We believe this is a misunderstanding. Current neural network architectures (transformers in this case) are inherently designed to model single-dimension transitions (rather than joint transitions in parallel), and our framework adheres to this same assumption. If one opts for parallel decoding to achieve faster generation—despite the trade-off of potentially introducing more denoising errors—our framework offers a significant advantage by identifying and correcting these errors, as demonstrated in our experiments on ImageNet256 token generation.

“I am curious whether a dimension that is recognized as data by the planner early in the sampling process remains unchanged until the end of the sampling.”

Thank you for raising this important question. Unlike traditional masked diffusion, where once a dimension is unmasked it cannot be revisited, our planner dynamically re-evaluates the probabilities of $z_t^i = D$ or $z_t^i = N$ for all positions at each step based on the updated $x_t$ . This means that dimensions recognized as data ( $z_t = D$ ) early in the sampling process are not fixed permanently but can later transition to $z_t = N$ if needed.

This dynamic re-evaluation enables self-correction and ensures flexibility in the sampling process. For example, if a previously denoised token introduces errors due to noise or inaccuracies, the planner can reassign it as $z_t = N$ and allow the denoiser to revisit and correct it. This mechanism is a key advantage of our approach over methods like masked diffusion, where such corrections are not possible.

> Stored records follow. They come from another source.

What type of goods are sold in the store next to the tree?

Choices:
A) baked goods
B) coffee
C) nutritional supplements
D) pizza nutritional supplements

In experiments, we observe that dimensions marked as $D$ can indeed revert to $N$ later in the process if the planner identifies the need for correction, and such reversals are instrumental in improving the overall quality of generated samples. To give an idea of how frequent those reversals happen during the sampling steps, we report the statistics on text8 in the updated manuscript. For text8 sequence of length 256, the average number of mask value change between step $t$ and $t+1$ , starts with 40.40 at $t=50$ and converges to 0 when t gets to $1024$ .

2024-11-26

Thank you for your response! Your reply addressed most of my questions effectively. However, I remain particularly concerned about Weakness 3.

I respectfully disagree with your statement that "incorporating all the aforementioned heuristics falls outside the scope of this methodology-focused paper." In my view, an excellent methodology-focused paper not only presents a comprehensive theoretical framework but also demonstrates strong empirical results to support its claims.

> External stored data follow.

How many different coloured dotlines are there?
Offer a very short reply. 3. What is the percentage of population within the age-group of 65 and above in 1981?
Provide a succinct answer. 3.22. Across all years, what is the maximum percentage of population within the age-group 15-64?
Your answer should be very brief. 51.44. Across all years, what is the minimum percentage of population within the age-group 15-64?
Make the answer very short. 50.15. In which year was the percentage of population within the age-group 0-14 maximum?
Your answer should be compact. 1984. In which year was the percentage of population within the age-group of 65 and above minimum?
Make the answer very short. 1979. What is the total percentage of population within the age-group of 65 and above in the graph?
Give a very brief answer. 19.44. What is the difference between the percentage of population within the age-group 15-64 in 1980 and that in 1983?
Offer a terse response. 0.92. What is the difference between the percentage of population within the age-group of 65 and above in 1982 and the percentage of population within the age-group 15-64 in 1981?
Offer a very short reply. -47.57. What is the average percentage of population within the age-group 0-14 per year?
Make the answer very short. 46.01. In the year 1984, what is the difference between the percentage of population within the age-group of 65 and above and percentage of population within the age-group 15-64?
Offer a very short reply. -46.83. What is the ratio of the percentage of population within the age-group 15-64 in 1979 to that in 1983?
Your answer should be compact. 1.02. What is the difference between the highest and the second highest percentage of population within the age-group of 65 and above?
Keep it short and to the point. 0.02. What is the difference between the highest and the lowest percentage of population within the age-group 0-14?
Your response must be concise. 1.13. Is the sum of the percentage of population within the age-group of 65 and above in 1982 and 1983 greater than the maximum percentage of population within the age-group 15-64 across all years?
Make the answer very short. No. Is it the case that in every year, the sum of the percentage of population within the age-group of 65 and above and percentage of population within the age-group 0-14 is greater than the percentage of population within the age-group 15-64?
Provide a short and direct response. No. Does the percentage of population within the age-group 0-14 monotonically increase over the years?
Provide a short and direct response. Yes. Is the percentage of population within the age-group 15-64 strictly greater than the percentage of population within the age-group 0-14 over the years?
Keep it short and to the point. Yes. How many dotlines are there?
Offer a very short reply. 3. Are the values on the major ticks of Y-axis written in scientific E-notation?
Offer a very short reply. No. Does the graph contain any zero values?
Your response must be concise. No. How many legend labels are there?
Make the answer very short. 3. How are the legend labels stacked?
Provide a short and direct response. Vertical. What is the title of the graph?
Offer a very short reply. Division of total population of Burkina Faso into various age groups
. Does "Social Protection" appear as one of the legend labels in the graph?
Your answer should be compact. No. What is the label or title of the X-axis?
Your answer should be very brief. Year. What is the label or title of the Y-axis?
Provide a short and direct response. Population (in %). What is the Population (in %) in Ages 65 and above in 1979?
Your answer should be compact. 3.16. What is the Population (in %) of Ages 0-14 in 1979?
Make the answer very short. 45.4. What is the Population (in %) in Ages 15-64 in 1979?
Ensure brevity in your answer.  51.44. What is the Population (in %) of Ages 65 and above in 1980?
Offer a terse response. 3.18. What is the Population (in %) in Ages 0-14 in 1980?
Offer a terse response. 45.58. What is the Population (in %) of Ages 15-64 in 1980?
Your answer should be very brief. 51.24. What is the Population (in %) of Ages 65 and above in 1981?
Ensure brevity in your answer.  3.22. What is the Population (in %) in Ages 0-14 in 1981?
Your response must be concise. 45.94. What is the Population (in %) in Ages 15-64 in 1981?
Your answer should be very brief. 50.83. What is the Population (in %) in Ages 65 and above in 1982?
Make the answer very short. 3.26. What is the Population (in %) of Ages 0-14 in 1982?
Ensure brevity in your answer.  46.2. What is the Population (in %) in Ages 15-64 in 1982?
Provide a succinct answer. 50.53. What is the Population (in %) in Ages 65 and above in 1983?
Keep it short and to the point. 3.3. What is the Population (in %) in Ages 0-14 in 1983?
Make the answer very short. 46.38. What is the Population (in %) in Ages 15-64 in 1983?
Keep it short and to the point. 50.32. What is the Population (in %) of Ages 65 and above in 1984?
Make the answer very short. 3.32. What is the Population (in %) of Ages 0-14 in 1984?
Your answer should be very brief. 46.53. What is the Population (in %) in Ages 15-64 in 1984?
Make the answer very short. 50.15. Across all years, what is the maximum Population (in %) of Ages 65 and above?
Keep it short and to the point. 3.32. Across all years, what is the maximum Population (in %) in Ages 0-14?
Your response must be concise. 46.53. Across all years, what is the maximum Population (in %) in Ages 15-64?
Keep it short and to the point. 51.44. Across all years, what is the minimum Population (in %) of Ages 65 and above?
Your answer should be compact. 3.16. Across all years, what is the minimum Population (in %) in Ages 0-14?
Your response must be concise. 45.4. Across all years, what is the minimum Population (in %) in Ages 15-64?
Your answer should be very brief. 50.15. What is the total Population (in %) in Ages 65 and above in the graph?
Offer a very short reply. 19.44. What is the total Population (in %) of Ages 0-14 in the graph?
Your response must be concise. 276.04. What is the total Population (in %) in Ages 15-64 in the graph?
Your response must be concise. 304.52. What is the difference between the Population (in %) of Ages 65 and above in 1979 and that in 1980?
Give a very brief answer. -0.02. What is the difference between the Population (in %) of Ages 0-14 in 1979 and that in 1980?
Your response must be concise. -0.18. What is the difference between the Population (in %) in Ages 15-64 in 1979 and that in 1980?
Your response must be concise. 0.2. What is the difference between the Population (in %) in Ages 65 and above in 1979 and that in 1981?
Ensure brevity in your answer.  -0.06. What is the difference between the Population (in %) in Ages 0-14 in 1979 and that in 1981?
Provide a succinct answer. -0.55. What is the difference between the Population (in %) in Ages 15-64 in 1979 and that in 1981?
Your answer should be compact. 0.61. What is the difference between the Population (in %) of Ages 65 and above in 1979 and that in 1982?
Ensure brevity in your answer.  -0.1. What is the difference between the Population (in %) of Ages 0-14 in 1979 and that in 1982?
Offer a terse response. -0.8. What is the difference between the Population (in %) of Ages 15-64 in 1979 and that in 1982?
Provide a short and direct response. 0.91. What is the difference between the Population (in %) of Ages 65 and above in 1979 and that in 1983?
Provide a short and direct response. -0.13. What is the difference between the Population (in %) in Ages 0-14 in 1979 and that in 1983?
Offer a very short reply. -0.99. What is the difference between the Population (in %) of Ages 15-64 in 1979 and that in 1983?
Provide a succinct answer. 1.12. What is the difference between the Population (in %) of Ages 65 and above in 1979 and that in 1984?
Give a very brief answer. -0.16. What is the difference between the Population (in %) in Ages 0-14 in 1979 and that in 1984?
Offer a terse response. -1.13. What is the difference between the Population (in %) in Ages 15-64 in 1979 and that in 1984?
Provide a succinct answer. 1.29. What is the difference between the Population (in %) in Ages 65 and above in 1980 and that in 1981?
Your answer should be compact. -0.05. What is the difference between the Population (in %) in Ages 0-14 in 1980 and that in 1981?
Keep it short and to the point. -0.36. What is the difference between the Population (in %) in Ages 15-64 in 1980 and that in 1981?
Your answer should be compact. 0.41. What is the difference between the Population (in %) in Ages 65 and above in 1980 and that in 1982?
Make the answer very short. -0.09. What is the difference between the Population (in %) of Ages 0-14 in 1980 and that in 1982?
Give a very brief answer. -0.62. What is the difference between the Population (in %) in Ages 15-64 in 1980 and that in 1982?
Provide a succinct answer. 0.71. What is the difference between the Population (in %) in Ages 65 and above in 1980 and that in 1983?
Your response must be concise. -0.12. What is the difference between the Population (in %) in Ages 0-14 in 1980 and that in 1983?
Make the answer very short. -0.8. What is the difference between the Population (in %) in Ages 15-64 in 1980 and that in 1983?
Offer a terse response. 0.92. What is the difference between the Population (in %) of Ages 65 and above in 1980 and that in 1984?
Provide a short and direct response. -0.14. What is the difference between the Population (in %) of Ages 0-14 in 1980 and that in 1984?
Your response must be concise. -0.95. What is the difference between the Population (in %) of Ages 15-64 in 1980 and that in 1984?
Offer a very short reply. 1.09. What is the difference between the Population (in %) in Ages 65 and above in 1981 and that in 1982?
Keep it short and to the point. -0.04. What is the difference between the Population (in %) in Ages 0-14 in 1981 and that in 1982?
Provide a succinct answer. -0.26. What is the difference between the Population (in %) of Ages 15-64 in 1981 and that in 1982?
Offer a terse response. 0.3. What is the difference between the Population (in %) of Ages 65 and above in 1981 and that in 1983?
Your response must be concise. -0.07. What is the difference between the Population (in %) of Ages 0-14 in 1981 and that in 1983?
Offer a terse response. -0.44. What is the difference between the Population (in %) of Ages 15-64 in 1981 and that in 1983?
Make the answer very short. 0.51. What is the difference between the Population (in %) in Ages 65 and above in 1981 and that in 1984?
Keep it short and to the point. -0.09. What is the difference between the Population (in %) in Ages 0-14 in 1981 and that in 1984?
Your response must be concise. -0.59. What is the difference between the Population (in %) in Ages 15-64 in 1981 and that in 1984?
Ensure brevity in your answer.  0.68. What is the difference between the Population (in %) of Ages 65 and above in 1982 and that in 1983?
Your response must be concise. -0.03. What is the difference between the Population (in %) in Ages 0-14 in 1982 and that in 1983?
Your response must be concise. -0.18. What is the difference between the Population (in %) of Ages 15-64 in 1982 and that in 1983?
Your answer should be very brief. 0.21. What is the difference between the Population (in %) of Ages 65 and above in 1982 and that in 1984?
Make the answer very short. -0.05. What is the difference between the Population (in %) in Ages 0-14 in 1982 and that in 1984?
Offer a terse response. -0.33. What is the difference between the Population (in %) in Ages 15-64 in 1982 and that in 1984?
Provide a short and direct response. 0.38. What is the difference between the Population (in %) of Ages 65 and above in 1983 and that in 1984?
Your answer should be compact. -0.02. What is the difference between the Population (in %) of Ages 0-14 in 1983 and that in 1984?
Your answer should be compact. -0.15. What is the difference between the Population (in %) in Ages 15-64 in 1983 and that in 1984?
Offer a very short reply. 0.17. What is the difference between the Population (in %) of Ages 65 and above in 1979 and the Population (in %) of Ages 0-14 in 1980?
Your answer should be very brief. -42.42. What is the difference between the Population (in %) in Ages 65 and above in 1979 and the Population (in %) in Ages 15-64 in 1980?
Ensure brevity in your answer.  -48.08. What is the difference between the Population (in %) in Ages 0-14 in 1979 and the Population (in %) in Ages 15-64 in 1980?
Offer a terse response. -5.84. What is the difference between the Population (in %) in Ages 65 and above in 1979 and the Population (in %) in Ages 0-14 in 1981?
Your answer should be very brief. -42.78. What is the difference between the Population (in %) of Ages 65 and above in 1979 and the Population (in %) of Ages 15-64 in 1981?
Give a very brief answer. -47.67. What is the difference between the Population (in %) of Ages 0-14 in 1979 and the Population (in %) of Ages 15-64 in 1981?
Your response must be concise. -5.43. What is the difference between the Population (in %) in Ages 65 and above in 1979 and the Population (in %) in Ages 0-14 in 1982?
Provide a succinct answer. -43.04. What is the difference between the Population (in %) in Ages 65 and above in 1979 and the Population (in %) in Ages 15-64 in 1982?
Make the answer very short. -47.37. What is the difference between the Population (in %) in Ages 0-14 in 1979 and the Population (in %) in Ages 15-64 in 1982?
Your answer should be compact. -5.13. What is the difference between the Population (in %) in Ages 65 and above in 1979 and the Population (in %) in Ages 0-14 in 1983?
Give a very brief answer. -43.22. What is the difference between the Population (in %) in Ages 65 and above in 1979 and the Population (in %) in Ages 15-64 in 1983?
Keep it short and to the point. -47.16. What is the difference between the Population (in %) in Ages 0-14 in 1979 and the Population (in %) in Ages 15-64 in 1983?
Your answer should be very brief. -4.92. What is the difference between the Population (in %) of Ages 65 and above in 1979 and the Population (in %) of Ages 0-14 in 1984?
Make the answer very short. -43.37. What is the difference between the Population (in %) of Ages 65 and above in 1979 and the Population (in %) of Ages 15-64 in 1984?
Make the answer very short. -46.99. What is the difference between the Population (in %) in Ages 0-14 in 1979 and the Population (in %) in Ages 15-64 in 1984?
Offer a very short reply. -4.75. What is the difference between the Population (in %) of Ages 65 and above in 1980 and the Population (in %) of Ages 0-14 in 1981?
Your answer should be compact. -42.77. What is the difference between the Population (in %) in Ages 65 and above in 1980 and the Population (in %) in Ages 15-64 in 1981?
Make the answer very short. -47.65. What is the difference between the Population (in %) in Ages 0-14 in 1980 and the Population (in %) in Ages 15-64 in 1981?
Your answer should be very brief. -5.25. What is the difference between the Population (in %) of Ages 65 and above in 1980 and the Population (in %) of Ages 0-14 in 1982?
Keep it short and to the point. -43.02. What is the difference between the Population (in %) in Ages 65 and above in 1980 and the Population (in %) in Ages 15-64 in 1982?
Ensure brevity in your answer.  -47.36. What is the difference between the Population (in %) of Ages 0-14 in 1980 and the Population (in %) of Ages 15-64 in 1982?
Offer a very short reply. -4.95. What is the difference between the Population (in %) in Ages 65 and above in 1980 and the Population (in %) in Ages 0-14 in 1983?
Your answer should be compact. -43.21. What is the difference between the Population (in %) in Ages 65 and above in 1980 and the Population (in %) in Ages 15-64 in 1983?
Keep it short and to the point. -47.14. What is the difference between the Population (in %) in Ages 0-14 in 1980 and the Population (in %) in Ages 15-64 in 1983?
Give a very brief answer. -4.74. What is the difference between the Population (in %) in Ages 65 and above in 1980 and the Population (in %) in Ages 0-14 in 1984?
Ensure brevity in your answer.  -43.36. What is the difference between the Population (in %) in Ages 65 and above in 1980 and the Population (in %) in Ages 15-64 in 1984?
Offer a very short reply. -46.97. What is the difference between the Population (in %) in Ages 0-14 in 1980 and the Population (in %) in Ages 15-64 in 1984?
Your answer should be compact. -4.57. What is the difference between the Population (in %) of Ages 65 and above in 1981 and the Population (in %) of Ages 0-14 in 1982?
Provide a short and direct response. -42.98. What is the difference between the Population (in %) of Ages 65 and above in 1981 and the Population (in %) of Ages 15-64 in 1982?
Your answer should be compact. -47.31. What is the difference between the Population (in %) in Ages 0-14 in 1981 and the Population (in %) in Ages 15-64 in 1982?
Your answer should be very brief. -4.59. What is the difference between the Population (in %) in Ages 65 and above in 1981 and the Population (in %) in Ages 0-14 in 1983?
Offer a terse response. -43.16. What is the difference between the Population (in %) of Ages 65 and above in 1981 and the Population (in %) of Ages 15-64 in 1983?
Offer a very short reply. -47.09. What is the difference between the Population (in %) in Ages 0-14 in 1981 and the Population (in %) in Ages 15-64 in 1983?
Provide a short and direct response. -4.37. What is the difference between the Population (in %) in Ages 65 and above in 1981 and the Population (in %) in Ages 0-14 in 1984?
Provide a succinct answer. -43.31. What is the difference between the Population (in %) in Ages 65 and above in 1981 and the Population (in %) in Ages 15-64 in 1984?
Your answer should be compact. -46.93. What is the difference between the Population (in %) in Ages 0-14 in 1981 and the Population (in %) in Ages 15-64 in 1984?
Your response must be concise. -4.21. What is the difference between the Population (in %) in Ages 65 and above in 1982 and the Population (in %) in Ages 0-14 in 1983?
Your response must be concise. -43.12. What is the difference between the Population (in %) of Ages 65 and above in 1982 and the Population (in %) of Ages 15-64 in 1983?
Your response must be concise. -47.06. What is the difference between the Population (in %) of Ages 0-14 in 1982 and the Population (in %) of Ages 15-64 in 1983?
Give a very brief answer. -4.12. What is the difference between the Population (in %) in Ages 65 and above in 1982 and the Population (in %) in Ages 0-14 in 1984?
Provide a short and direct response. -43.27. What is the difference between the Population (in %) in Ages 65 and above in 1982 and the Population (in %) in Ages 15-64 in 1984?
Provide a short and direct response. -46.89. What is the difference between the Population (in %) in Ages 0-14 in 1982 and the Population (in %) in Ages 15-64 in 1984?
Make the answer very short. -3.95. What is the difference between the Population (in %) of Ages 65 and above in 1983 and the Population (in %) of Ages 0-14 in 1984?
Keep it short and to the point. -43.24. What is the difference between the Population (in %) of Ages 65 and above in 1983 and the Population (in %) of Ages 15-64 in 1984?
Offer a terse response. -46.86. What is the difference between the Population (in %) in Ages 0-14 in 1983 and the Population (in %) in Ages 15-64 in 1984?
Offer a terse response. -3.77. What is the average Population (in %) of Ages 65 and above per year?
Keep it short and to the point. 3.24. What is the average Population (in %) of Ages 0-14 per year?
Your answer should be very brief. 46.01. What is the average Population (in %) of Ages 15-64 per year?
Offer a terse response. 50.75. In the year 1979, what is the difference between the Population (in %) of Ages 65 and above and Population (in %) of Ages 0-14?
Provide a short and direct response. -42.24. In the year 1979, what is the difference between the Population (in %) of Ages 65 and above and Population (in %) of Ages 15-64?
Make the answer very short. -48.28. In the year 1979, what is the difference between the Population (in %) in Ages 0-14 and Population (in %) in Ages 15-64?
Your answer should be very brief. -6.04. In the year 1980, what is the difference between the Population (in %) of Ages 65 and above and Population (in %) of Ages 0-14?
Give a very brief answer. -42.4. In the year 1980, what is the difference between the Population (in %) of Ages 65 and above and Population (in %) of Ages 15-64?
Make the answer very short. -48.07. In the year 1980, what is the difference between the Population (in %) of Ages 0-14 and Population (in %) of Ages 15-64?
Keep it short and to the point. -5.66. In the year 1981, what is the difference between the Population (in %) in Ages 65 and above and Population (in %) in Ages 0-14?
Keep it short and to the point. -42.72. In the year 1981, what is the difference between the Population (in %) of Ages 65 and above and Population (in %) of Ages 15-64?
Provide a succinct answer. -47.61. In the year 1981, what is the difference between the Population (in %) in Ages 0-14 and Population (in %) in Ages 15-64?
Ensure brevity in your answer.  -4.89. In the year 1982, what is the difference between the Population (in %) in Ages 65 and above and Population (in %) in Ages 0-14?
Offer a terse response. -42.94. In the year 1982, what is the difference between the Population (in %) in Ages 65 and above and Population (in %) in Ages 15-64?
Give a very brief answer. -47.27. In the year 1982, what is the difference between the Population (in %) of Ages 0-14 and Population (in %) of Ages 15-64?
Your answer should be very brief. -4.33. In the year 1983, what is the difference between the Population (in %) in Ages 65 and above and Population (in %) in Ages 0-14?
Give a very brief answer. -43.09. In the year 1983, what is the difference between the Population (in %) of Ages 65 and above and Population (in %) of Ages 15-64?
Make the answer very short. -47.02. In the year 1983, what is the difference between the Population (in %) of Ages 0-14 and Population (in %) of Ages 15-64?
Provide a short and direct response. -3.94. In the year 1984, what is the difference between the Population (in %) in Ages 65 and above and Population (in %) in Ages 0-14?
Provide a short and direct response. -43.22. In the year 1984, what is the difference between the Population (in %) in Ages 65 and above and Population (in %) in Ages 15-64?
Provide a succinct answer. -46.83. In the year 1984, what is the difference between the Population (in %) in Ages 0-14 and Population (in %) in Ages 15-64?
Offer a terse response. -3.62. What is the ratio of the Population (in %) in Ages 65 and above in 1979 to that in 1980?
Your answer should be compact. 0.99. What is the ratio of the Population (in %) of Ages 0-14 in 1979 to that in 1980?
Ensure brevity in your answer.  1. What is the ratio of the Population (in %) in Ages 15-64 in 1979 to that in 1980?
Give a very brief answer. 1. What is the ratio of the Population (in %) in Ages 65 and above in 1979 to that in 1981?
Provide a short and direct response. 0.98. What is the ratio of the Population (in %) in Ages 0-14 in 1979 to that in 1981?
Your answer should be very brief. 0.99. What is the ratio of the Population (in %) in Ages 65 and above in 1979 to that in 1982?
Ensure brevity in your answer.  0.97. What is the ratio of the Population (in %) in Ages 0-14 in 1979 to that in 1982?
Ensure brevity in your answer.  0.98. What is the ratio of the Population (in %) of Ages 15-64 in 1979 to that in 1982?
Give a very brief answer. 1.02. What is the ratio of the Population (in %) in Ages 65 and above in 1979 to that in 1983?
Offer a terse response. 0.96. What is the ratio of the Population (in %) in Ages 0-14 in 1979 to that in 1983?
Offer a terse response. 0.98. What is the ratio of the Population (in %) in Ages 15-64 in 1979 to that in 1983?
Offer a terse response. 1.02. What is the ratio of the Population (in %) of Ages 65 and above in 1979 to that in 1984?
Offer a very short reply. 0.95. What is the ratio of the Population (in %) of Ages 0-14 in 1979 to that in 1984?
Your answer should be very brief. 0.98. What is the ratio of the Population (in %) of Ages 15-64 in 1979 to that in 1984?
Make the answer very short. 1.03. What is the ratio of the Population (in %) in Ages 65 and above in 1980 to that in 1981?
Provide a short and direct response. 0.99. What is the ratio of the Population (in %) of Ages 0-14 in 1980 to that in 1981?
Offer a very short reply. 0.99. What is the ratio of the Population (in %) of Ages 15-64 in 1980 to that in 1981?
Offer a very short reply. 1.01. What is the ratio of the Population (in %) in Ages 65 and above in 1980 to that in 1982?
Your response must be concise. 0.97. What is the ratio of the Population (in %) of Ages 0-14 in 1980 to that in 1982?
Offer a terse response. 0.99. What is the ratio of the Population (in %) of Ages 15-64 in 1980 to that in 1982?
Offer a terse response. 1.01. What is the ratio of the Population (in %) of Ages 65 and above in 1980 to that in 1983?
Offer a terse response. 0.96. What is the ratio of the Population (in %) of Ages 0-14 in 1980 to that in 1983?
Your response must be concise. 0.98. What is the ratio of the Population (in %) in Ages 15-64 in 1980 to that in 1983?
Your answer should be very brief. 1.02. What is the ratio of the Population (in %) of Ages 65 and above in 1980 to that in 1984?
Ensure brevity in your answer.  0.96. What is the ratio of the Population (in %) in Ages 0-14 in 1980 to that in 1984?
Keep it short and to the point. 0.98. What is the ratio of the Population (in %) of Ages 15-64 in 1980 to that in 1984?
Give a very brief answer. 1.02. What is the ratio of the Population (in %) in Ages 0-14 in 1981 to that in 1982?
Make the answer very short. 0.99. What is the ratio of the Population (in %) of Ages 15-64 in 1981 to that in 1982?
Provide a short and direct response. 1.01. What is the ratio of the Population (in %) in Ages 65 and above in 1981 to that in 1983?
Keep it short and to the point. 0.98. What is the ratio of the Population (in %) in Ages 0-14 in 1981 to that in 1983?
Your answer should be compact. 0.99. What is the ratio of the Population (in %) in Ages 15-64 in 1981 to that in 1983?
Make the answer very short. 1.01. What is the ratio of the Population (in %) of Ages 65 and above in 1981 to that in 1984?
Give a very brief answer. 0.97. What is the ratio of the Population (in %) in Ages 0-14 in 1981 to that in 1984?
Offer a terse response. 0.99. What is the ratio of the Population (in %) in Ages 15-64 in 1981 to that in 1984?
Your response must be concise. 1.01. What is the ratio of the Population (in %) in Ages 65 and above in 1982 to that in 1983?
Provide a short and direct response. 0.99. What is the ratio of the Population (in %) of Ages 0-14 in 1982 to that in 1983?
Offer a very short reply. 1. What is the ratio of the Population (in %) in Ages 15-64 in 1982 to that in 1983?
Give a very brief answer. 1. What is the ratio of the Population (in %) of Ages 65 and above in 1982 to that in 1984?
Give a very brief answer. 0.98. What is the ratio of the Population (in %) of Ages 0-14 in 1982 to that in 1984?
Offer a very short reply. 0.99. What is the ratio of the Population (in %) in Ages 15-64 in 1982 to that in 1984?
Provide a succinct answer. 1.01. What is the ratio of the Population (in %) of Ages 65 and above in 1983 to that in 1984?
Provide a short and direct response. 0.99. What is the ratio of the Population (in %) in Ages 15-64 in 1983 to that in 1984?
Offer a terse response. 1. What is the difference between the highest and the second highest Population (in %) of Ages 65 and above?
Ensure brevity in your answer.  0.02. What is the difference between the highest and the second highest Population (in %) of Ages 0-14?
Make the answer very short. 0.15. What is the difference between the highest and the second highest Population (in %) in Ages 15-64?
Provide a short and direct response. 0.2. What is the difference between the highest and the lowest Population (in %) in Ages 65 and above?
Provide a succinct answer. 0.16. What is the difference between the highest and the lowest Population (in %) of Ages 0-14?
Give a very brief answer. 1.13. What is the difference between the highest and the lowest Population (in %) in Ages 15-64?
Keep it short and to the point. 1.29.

In addition, I found some aspects of your response a bit confusing. Could you clarify what CFG scale is used in the table? You mentioned that "the composition of logit annealing and classifier-free guidance leads to worse FID scores." However, in [1], the best FID score is achieved precisely through this combination. I believe the worse FID result might be due to the authors not properly adjusting the CFG scale and temperature settings.

While I acknowledge that [1] employs multiple heuristics during sampling, my understanding is that these heuristics are plug-and-play compatible with DDPD. Is that correct? If so, what would the FID score of DDPD be if these heuristics were also applied? If the FID score of DDPD still falls far behind 1.97 even after these heuristics are applied, could you explain why this happens? Could it be that DDPD is inherently less robust to high CFG scales? If the authors explicitly point out that DDPD is less robust, this would represent a valuable and constructive contribution to the paper.

I believe that addressing these points thoroughly would significantly enhance the clarity and impact of the discussion.

评论- Further clarification on Image token sampling with CFG

2024-11-28

We sincerely thank you for your detailed feedback and thoughtful suggestions. We appreciate the opportunity to clarify and expand upon the points raised, particularly regarding Weakness 3.

“Could you clarify what CFG scale is used in the table?“

In the table from our previous response, all methods use a CFG scale of 2.0 and a logit temperature of either 1.0 or 0.6. For MaskGIT sampling, the confidence temperature (a mechanism introducing stochasticity by adding noise to the logit confidence) is set to 1.0 and linearly annealed to 0.0.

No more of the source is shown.